Throughout the semester, students will explore a spectrum of thinkers—from psychoanalysts who emphasize the embodied and affective dimensions of care, to philosophers and theologians who argue (sometimes reluctantly) that genuine ethical responsibility is difficult to ground without invoking something beyond strict materialism.
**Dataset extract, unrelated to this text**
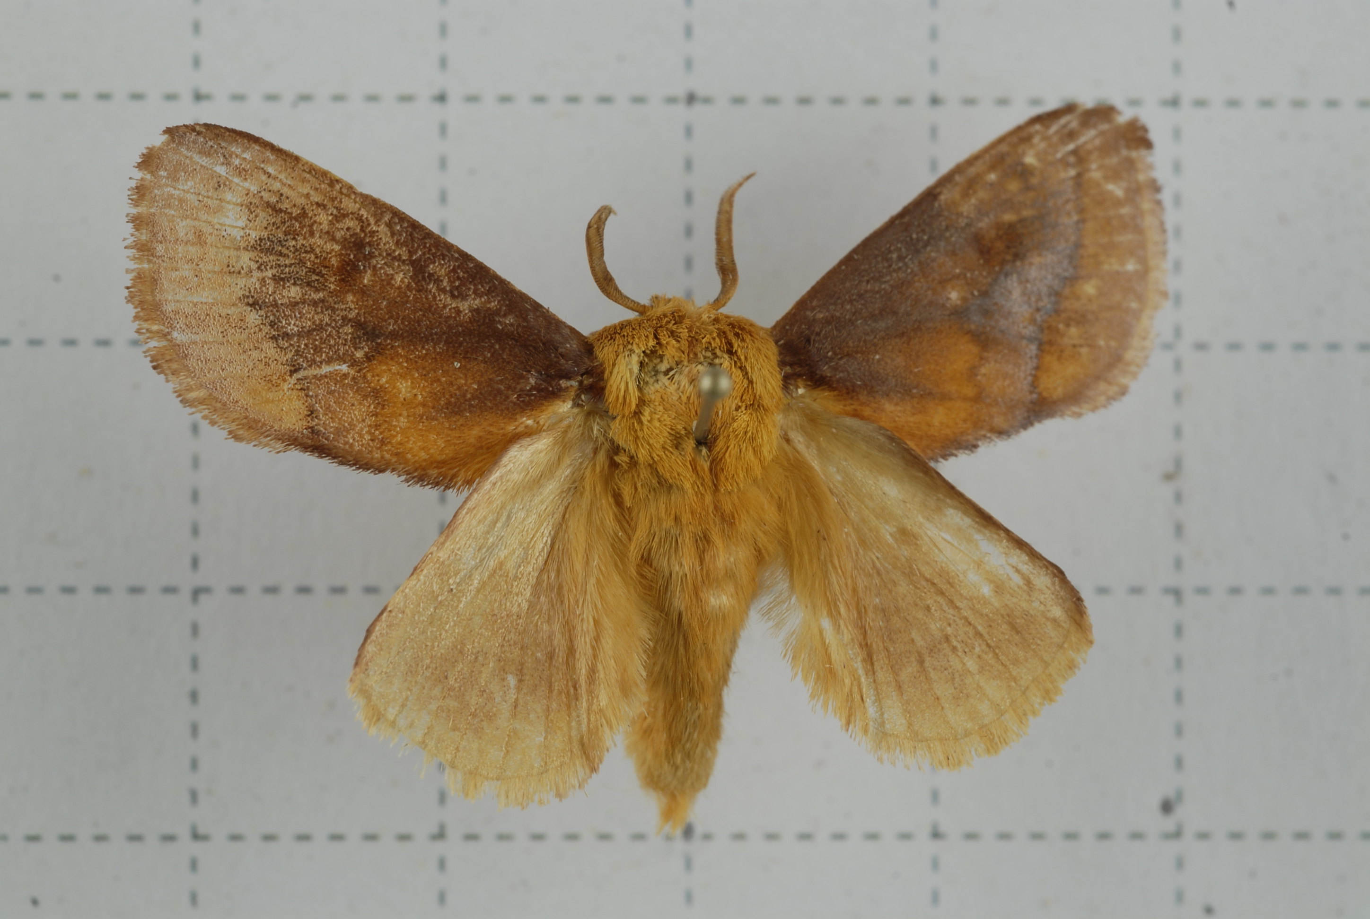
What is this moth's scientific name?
Narosoideus flavidorsalis
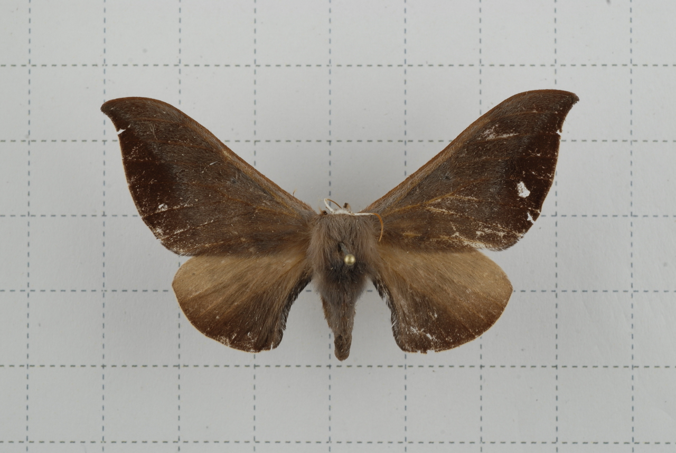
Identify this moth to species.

We will therefore address the paradox that the impetus for care might require some recourse to metaphysical or quasi-metaphysical commitments, whether framed as “theopoetics,” “hospitality,” or “the call of the Other.” Ultimately, this course asks whether the wild spaces of ethics are rendered more vibrant, or more tenuous, when care is positioned as both indispensable and impossible to reduce to a self-contained, purely secular discourse.
Course Logistics
Course Number: REL/PHIL 314 (Undergraduate Level)
Meeting Times: Tuesdays & Thursdays, 2:00 pm – 3:15 pm
Location: Humanities Building, Room 306
Instructor: Dr. [Your Name]
Office Hours: Tuesdays 12:30 pm – 1:30 pm and by appointment
Contact: [Your Email Address]
Required Texts & Readings
Primary Catalyst Reading
“Dancing with Care in Wild Spaces: Olthuis, Radical Atheism, and the Embodied Ethic” (Blog post)
→\rightarrow A succinct overview of how Jim Olthuis’s perspective on love and care intersects (and sometimes clashes) with radical atheism and the ethic of embodied responsibility.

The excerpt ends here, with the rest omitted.